The only thing that would make me feel better than getting that Colson, would be knowing that you got it, ol' pal. Just out of curiosity, what was this thread about again?


----------



## bikewhorder (May 7, 2012)

Dave Marko said:


> what was this thread about again?




Something about an English based Drug Cartel that steals peoples 28" rod pull brake bikes and uses them to smuggle drugs into the US through Seattle.  If you ask me, I think that Danny guy is behind it.


----------



## Boris (May 7, 2012)

bikewhorder said:


> Something about an English based Drug Cartel that steals peoples 28" rod pull brake bikes and uses them to smuggle drugs into the US through Seattle.  If you ask me, I think that Danny guy is behind it.

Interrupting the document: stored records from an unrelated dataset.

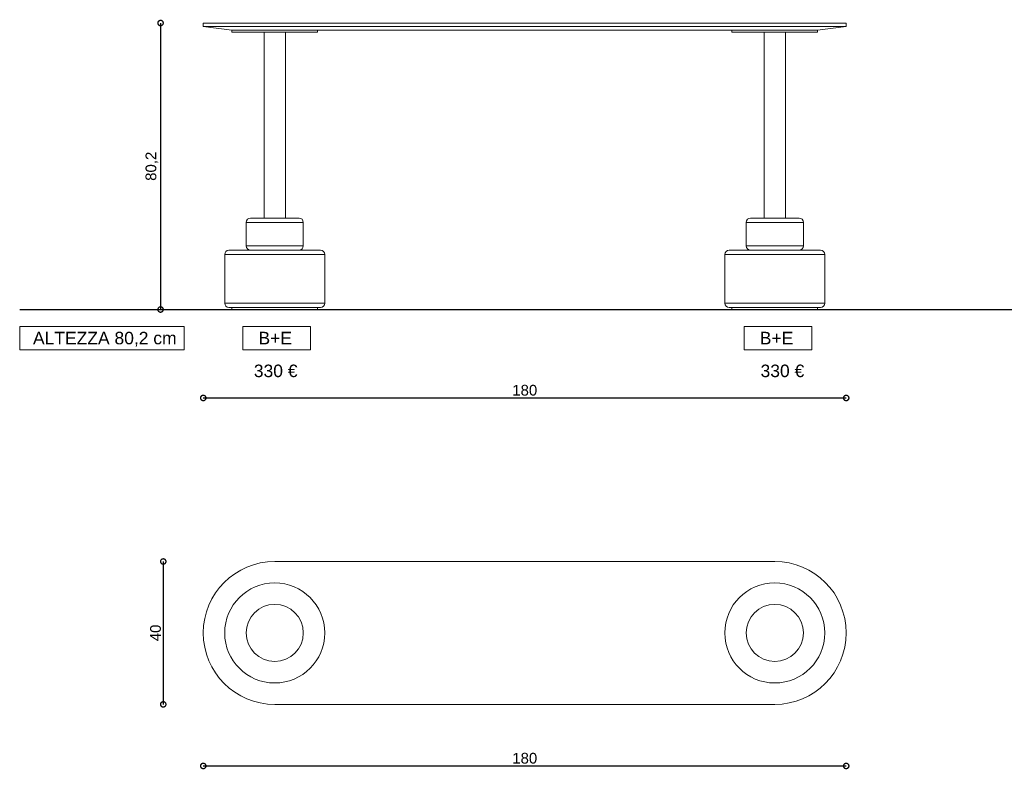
# Model space of a CAD drawing. Header units: millimetres. Extents: x 212 to 4870, y -1159 to 1622.
# Tile 17 of 21: x 4156 to 4431, y 486 to 696. Entities that reach past the tile are written whole.
import ezdxf

# ---------------------------------------------------------------- set-up
doc = ezdxf.new("R2010")
doc.units = ezdxf.units.MM
doc.header["$PDSIZE"] = -1
doc.layers.get('0').update_dxf_attribs({"lineweight": 9})
doc.styles.get("Standard").update_dxf_attribs({"font": 'Arial.ttf'})
doc.dimstyles.new('ISO-25', dxfattribs={"dimtxt": 3, "dimasz": 3, "dimexe": 1.25, "dimexo": 0.625, "dimtad": 1, "dimdec": 1, "dimtxsty": 'Standard', "dimblk": 'DOTSMALL', "dimblk1": 'DOTSMALL', "dimblk2": 'DOTSMALL', "dimcen": 2.5, "dimse1": 1, "dimse2": 1, "dimadec": 0, "dimazin": 0, "dimtfac": 1, "dimtdec": 1, "dimtmove": 0, "dimatfit": 3, "dimldrblk": 'DOTSMALL', "dimfxl": 1, "dimarcsym": 0})

# ---------------------------------------------------------------- blocks, each defined once
blk = doc.blocks.new('_DotSmall')
at = {"color": 0, "linetype": 'ByBlock', "const_width": 0.5}
blk.add_lwpolyline([(-0.0625, 0, 1), (0.0625, 0, 1)], format="xyb", close=True, dxfattribs=at)
blk = doc.blocks.new('*D52')
at = {"color": 0, "lineweight": -2, "transparency": 16777216}
blk.add_line((4195.05, 694.85), (4195.05, 614.65), dxfattribs=at)
at = {"layer": 'Defpoints', "color": 0, "transparency": 16777216}
for p in [(4207.01, 694.85), (4195.05, 614.65), (4207.01, 614.65)]:
    blk.add_point(p, dxfattribs=at)
at = {"color": 0, "lineweight": -2, "transparency": 16777216, "xscale": 3, "yscale": 3, "zscale": 3}
for p, rotation in [((4195.05, 694.85), 90), ((4195.05, 614.65), 270)]:
    blk.add_blockref('_DotSmall', p, dxfattribs=dict(at, rotation=rotation))
at = {"color": 0, "transparency": 16777216, "insert": (4192.62, 654.75), "char_height": 3, "attachment_point": 5, "rotation": 90}
blk.add_mtext('80,2', dxfattribs=at)
blk = doc.blocks.new('*D53')
at = {"color": 0, "lineweight": -2, "transparency": 16777216}
blk.add_line((4207.01, 589.89), (4387.01, 589.89), dxfattribs=at)
at = {"layer": 'Defpoints', "color": 0, "transparency": 16777216}
for p in [(4387.01, 694.85), (4207.01, 693.85), (4387.01, 589.89)]:
    blk.add_point(p, dxfattribs=at)
at = {"color": 0, "lineweight": -2, "transparency": 16777216, "xscale": 3, "yscale": 3, "zscale": 3, "rotation": 180}
blk.add_blockref('_DotSmall', (4207.01, 589.89), dxfattribs=at)
at = {"color": 0, "lineweight": -2, "transparency": 16777216, "xscale": 3, "yscale": 3, "zscale": 3}
blk.add_blockref('_DotSmall', (4387.01, 589.89), dxfattribs=at)
at = {"color": 0, "transparency": 16777216, "insert": (4297.01, 592.04), "char_height": 3, "attachment_point": 5}
blk.add_mtext('180', dxfattribs=at)
blk = doc.blocks.new('*D54')
at = {"color": 0, "lineweight": -2, "transparency": 16777216}
blk.add_line((4195.8, 544.11), (4195.8, 504.11), dxfattribs=at)
at = {"layer": 'Defpoints', "color": 0, "transparency": 16777216}
for p in [(4227.01, 544.11), (4195.8, 504.11), (4227.01, 504.11)]:
    blk.add_point(p, dxfattribs=at)
at = {"color": 0, "lineweight": -2, "transparency": 16777216, "xscale": 3, "yscale": 3, "zscale": 3}
for p, rotation in [((4195.8, 544.11), 90), ((4195.8, 504.11), 270)]:
    blk.add_blockref('_DotSmall', p, dxfattribs=dict(at, rotation=rotation))
at = {"color": 0, "transparency": 16777216, "insert": (4193.65, 524.11), "char_height": 3, "attachment_point": 5, "rotation": 90}
blk.add_mtext('40', dxfattribs=at)
blk = doc.blocks.new('*D55')
at = {"color": 0, "lineweight": -2, "transparency": 16777216}
blk.add_line((4207.01, 486.87), (4387.01, 486.87), dxfattribs=at)
at = {"layer": 'Defpoints', "color": 0, "transparency": 16777216}
for p in [(4207.01, 524.11), (4387.01, 524.11), (4387.01, 486.87)]:
    blk.add_point(p, dxfattribs=at)
at = {"color": 0, "lineweight": -2, "transparency": 16777216, "xscale": 3, "yscale": 3, "zscale": 3, "rotation": 180}
blk.add_blockref('_DotSmall', (4207.01, 486.87), dxfattribs=at)
at = {"color": 0, "lineweight": -2, "transparency": 16777216, "xscale": 3, "yscale": 3, "zscale": 3}
blk.add_blockref('_DotSmall', (4387.01, 486.87), dxfattribs=at)
at = {"color": 0, "transparency": 16777216, "insert": (4297.01, 489.02), "char_height": 3, "attachment_point": 5}
blk.add_mtext('180', dxfattribs=at)

msp = doc.modelspace()

# ---------------------------------------------------------------- linework, layer by layer
at = {"color": 7, "linetype": 'Continuous', "lineweight": 9}
for p, q in [((4207.01, 694.85), (4207.01, 693.85)), ((4207.01, 694.85), (4227.01, 694.85)), ((4227.01, 694.85), (4367.01, 694.85)), ((4367.01, 694.85), (4387.01, 694.85)), ((4387.01, 693.85), (4387.01, 694.85)), ((4207.01, 693.85), (4215.01, 692.85)), ((4227.01, 693.85), (4207.01, 693.85)), ((4215.01, 692.85), (4215.01, 692.25)), ((4227.01, 692.85), (4215.01, 692.85)), ((4215.01, 692.25), (4227.01, 692.25)), ((4224.01, 692.25), (4224.01, 640.25)), ((4367.01, 693.85), (4227.01, 693.85)), ((4367.01, 692.85), (4227.01, 692.85)), ((4227.01, 692.25), (4239.01, 692.25)), ((4230.01, 640.25), (4230.01, 692.25)), ((4239.01, 692.25), (4239.01, 692.85)), ((4355.01, 692.85), (4355.01, 692.25)), ((4355.01, 692.25), (4367.01, 692.25)), ((4364.01, 692.25), (4364.01, 640.25)), ((4387.01, 693.85), (4367.01, 693.85)), ((4379.01, 692.85), (4367.01, 692.85)), ((4367.01, 692.25), (4379.01, 692.25)), ((4370.01, 640.25), (4370.01, 692.25)), ((4387.01, 693.85), (4379.01, 692.85)), ((4379.01, 692.25), (4379.01, 692.85)), ((4220.21, 640.25), (4233.81, 640.25)), ((4360.21, 640.25), (4373.81, 640.25)), ((4219.01, 639.05), (4219.01, 632.45)), ((4235.01, 632.45), (4235.01, 639.05)), ((4359.01, 639.05), (4359.01, 632.45)), ((4375.01, 632.45), (4375.01, 639.05)), ((4213.01, 630.05), (4213.01, 616.45)), ((4214.21, 631.25), (4239.81, 631.25)), ((4241.01, 616.45), (4241.01, 630.05)), ((4353.01, 630.05), (4353.01, 616.45)), ((4354.21, 631.25), (4379.81, 631.25)), ((4381.01, 616.45), (4381.01, 630.05)), ((4239.81, 615.25), (4214.21, 615.25)), ((4215.01, 615.25), (4215.01, 614.65)), ((4239.01, 614.65), (4239.01, 615.25)), ((4379.81, 615.25), (4354.21, 615.25)), ((4355.01, 615.25), (4355.01, 614.65)), ((4379.01, 614.65), (4379.01, 615.25)), ((4227.01, 614.65), (4215.01, 614.65)), ((4239.01, 614.65), (4227.01, 614.65)), ((4367.01, 614.65), (4355.01, 614.65)), ((4379.01, 614.65), (4367.01, 614.65))]:
    msp.add_line(p, q, dxfattribs=at)
at = {"color": 252, "linetype": 'Continuous', "lineweight": 9}
for p, q in [((4235.01, 639.05), (4219.01, 639.05)), ((4375.01, 639.05), (4359.01, 639.05)), ((4219.01, 632.45), (4235.01, 632.45)), ((4359.01, 632.45), (4375.01, 632.45)), ((4241.01, 630.05), (4213.01, 630.05)), ((4381.01, 630.05), (4353.01, 630.05)), ((4213.01, 616.45), (4241.01, 616.45)), ((4353.01, 616.45), (4381.01, 616.45))]:
    msp.add_line(p, q, dxfattribs=at)
at = {"lineweight": 30}
msp.add_line((4155.61, 614.65), (4800.36, 614.65), dxfattribs=at)
for p, q in [((4227.01, 544.11), (4367.01, 544.11)), ((4367.01, 504.11), (4227.01, 504.11))]:
    msp.add_line(p, q)
for points in [[(4155.61, 609.85), (4201.67, 609.85), (4201.67, 603.34), (4155.61, 603.34)], [(4218.05, 609.85), (4237.03, 609.85), (4237.03, 603.34), (4218.05, 603.34)], [(4358.4, 609.85), (4377.38, 609.85), (4377.38, 603.34), (4358.4, 603.34)]]:
    msp.add_lwpolyline(points, close=True)
at = {"color": 252, "linetype": 'Continuous', "lineweight": 9}
for centre, radius in [((4227.01, 524.11), 14), ((4367.01, 524.11), 14), ((4227.01, 524.11), 8), ((4367.01, 524.11), 8)]:
    msp.add_circle(centre, radius, dxfattribs=at)
at = {"color": 7, "linetype": 'Continuous', "lineweight": 9}
for centre, start, end in [((4220.21, 639.05), 90, 180), ((4233.81, 639.05), 0, 90), ((4360.21, 639.05), 90, 180), ((4373.81, 639.05), 0, 90), ((4220.21, 632.45), 180, 270), ((4233.81, 632.45), 270, 0), ((4360.21, 632.45), 180, 270), ((4373.81, 632.45), 270, 0), ((4214.21, 630.05), 90, 180), ((4239.81, 630.05), 0, 90), ((4354.21, 630.05), 90, 180), ((4379.81, 630.05), 0, 90), ((4214.21, 616.45), 180, 270), ((4239.81, 616.45), 270, 0), ((4354.21, 616.45), 180, 270), ((4379.81, 616.45), 270, 0)]:
    msp.add_arc(centre, 1.2, start, end, dxfattribs=at)
for centre, start, end in [((4227.01, 524.11), 90, 270), ((4367.01, 524.11), 270, 90)]:
    msp.add_arc(centre, 20, start, end)

# ---------------------------------------------------------------- texts
at = {"char_height": 3.5, "attachment_point": 1}
for s, insert in [('ALTEZZA 80,2 cm', (4159.33, 608.41)), ('B+E', (4222.47, 608.41)), ('B+E', (4362.82, 608.41)), ('330 €', (4221.16, 599.23)), ('330 €', (4363.03, 599.23))]:
    msp.add_mtext_dynamic_manual_height_columns(s, width=48.7685, gutter_width=17.5, heights=[0], dxfattribs=dict(at, insert=insert))

# ---------------------------------------------------------------- dimensions: what is measured, and where the dimension line sits
for base, p1, p2, picture, middle in [((4195.05, 614.65), (4207.01, 694.85), (4207.01, 614.65), '*D52', (4192.62, 654.75)), ((4195.8, 504.11), (4227.01, 544.11), (4227.01, 504.11), '*D54', (4193.65, 524.11))]:
    dim = msp.add_linear_dim(base=base, p1=p1, p2=p2, angle=90, dimstyle='ISO-25')
    dim.commit()
    dim.dimension.update_dxf_attribs({"geometry": picture, "text_midpoint": middle})
for base, p1, p2, picture, middle in [((4387.01, 589.89), (4207.01, 693.85), (4387.01, 694.85), '*D53', (4297.01, 592.04)), ((4387.01, 486.87), (4207.01, 524.11), (4387.01, 524.11), '*D55', (4297.01, 489.02))]:
    dim = msp.add_linear_dim(base=base, p1=p1, p2=p2, dimstyle='ISO-25')
    dim.commit()
    dim.dimension.update_dxf_attribs({"geometry": picture, "text_midpoint": middle})

doc.saveas('drawing.dxf')

So you're saying we need to get Danny, right? However will we find him, he's not on the Member Map?


----------



## vincev (May 7, 2012)

Dave,Tell me you didnt start again!First you screw up my serious thread so nobody knows what is was about babbling and now you start  with the members map again!I have found Danny.He is hiding behind Tony in the U.K.on the members map!I'm also blaming Danny for all this,lets go steal all his rod brakes and for you I'm going to  see if I can get in touch with the Colson seller in Chicago!


----------



## bikewhorder (May 7, 2012)

I don't know for sure if he's behind it or not, but I have one of those bikes, so you can be sure I'm very suspicious of every tweed wearin' crack head that walks past my house.  I don't want to see my bike stolen and used for evil.


----------



## Boris (May 7, 2012)

I don't see any negatives with you trying to buy the Chicago Colson out from under me. I'm pretty sure that would only strengthen our bond. Good work on rootin' out ol' Danny. I do have to ask though, is no one safe from this wrecking crew? I mean this poor guy is England. And just when everybody's finally starting to heal from the Revolutionary War. Where next, Russia? The Netherlands?


----------